FREQUENCY STABILITY:

Frequency stability refers to the ability of a power system to maintain steady frequency following a severe system upset resulting in a significant imbalance between generation and load.

It depends on the ability to maintain/restore equilibrium between system generation and load, with minimum unintentional loss of load. The instability that may result occurs in the form of sustained frequency swings leading to the tripping of generating units and/or loads.

Severe system upsets generally result in large excursions of frequency, power flows, voltage, and other system variables, thereby invoking the actions of processes, controls, and protections that are not modeled in conventional transient stability or voltage stability studies. These processes may be very slow, such as boiler dynamics, or only triggered for extreme system conditions, such as volts/Hertz protection tripping generators.

In large interconnected power systems, this type of situation is most commonly associated with conditions following the splitting of systems into islands. Stability in this case is a question of whether or not each island will reach a state of operating equilibrium with minimal unintentional loss of load. It is determined by the overall response of the island as evidenced by its mean frequency, rather than the relative motion of machines. Generally, frequency stability problems are associated with inadequacies in equipment responses, poor coordination of control and protection equipment, or insufficient generation reserve. Examples of such problems are reported in the references. In isolated island systems, frequency stability could be of concern for any disturbance causing a relatively significant loss of load or generation.

During frequency excursions, the characteristic times of the processes and devices that are activated will range from a fraction of seconds, corresponding to the response of devices such as under-frequency load shedding and generator controls and protections, to several minutes, corresponding to the response of devices such as prime mover energy supply systems and load voltage regulators. Therefore, as identified in Figure, frequency stability may be a short-term phenomenon or a long-term phenomenon.

An example of short-term frequency instability is the formation of an under-generated island with insufficient under-frequency load shedding such that frequency decays rapidly causing a blackout of the island within a few seconds. On the other hand, more complex situations in which frequency instability is caused by steam turbine over-speed controls or boiler/reactor protection and controls are longer-term phenomena with the time frame of interest ranging from tens of seconds to several minutes.

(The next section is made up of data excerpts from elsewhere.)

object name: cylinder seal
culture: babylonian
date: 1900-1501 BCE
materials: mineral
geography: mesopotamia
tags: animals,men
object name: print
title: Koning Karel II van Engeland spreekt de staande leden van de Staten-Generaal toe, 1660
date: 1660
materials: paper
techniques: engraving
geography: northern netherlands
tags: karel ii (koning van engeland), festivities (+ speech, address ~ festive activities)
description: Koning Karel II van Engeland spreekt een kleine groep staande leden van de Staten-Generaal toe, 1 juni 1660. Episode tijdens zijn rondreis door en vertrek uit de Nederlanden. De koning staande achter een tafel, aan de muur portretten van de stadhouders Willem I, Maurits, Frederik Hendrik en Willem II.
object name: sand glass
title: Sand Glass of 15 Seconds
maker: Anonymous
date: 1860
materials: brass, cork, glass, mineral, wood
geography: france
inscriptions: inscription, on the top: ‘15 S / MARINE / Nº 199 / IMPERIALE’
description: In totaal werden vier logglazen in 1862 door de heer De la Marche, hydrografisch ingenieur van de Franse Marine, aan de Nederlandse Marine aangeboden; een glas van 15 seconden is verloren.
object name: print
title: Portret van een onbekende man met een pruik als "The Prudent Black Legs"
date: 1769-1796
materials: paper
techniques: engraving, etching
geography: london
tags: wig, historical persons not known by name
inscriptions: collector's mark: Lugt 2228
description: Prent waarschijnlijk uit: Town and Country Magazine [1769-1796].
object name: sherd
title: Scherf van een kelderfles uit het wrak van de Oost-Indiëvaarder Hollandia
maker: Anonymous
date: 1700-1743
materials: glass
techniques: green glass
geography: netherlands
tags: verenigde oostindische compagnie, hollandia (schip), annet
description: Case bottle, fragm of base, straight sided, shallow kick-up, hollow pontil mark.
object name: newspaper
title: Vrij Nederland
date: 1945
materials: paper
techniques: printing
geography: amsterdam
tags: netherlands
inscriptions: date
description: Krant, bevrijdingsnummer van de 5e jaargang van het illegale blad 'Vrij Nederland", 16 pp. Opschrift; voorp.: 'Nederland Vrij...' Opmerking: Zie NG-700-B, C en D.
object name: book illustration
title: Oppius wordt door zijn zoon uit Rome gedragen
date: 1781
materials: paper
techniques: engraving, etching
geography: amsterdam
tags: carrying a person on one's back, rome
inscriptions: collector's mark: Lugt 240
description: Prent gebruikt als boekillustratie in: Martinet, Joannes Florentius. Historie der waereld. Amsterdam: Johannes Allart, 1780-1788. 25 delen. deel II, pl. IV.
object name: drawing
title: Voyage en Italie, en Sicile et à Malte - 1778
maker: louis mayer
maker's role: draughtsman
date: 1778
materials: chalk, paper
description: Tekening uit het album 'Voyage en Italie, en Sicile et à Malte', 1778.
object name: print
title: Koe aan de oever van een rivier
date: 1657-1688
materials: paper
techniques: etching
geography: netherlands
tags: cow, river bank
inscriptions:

During frequency excursions, voltage magnitudes may change significantly, especially for islanding conditions with under-frequency load shedding that unloads the system. Voltage magnitude changes, which may be higher in percentage than frequency changes, affect the load-generation imbalance.

High voltage may cause undesirable generator tripping by poorly designed or coordinated loss of excitation relays or volts/Hertz relays. In an overloaded system, the low voltage may cause undesirable operation of impedance relays.